→ **Task description**
Using the listing below, say how many of its lines hold "Give". Offer nothing beyond the number.
<<<<
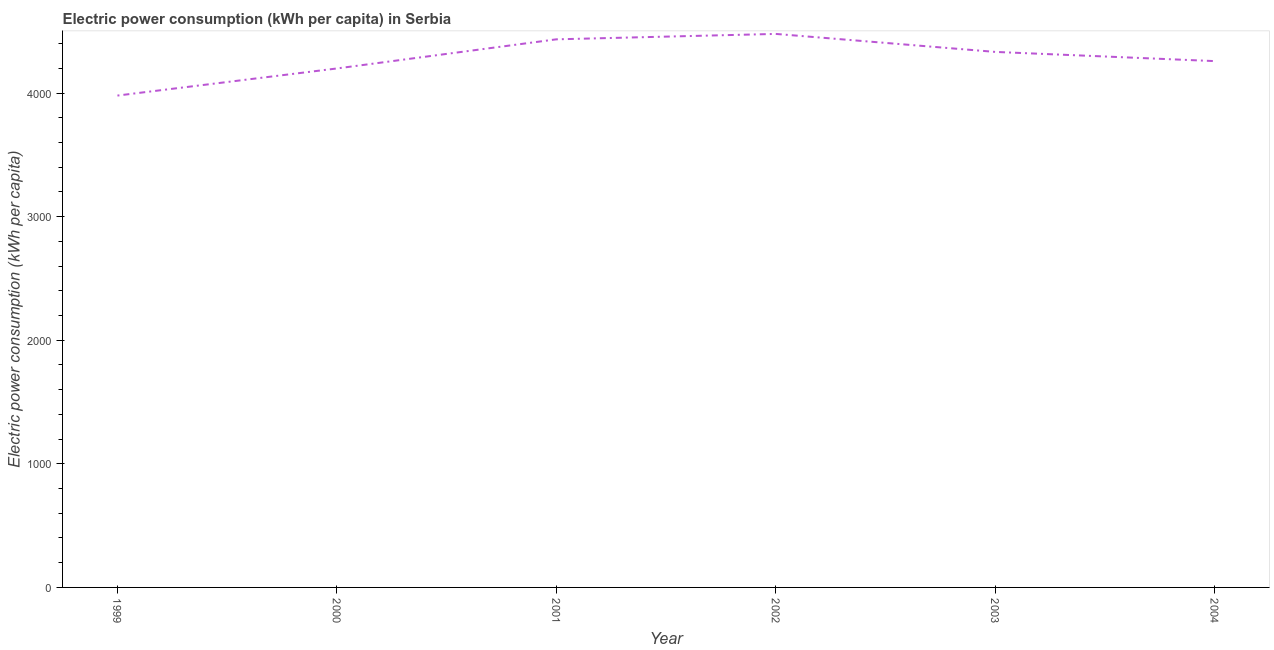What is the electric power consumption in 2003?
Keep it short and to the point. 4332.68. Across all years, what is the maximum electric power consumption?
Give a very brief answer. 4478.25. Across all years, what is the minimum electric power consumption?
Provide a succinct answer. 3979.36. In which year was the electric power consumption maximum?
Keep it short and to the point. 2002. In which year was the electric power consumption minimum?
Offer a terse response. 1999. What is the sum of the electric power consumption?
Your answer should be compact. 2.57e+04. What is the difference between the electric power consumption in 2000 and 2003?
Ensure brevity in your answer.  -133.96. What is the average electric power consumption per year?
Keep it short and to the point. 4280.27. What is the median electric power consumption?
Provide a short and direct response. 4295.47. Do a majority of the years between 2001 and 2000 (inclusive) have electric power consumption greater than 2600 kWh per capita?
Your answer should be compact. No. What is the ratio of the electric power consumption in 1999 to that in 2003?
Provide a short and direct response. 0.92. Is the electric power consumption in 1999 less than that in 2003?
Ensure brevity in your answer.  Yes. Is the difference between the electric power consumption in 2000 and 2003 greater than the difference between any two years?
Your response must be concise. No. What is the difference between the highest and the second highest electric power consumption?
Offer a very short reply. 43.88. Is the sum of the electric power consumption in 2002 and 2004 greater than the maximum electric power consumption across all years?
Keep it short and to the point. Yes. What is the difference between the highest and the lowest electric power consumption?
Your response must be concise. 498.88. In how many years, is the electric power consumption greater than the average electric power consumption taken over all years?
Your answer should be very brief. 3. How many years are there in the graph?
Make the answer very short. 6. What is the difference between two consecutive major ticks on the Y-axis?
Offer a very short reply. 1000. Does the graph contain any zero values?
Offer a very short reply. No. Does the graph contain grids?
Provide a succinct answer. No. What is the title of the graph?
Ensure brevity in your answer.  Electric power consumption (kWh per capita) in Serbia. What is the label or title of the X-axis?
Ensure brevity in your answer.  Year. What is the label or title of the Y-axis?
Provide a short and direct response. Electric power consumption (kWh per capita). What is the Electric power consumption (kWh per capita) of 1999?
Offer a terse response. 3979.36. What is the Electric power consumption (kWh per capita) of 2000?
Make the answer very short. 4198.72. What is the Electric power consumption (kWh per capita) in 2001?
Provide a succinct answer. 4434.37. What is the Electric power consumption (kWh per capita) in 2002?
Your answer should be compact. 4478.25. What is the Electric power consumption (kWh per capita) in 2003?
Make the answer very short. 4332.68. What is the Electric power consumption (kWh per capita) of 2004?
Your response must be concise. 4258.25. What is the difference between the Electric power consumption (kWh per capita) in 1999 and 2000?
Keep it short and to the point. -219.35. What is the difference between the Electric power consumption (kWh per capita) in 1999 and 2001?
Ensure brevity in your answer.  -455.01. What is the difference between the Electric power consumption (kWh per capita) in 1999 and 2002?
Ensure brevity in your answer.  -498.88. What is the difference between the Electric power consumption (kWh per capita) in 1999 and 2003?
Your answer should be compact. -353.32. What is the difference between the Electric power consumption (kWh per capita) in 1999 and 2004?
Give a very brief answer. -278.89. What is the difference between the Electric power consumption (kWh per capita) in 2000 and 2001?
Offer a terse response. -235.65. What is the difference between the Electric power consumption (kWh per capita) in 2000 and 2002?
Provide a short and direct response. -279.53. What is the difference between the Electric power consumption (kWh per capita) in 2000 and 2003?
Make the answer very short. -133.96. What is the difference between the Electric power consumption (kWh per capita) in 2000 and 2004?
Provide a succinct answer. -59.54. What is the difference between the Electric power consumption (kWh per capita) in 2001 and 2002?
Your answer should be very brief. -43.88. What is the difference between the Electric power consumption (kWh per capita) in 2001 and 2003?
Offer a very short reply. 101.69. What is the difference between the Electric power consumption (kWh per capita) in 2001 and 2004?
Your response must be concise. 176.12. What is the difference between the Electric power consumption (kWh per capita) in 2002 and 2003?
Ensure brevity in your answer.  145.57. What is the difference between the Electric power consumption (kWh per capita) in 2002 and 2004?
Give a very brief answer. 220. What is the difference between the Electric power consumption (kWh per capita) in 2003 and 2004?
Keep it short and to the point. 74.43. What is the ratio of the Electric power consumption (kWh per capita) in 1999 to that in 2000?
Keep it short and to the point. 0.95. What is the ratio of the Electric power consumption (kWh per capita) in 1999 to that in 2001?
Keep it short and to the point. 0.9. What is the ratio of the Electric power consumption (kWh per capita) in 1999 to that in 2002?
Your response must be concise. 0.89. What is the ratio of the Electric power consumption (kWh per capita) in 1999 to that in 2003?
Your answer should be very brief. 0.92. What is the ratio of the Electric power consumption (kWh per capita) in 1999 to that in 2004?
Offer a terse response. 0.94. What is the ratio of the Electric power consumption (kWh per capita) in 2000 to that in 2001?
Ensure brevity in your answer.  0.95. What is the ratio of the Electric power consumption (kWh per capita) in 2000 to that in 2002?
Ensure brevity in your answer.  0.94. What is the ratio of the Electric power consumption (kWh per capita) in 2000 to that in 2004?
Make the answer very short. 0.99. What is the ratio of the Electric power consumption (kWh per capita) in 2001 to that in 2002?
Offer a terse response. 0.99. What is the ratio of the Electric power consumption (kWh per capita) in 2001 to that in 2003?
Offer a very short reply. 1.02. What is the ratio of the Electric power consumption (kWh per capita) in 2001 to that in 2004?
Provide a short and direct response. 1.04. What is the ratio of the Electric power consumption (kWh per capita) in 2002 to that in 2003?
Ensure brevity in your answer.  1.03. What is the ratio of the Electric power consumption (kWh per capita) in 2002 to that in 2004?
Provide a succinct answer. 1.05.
>>>>
→ **Result below**
3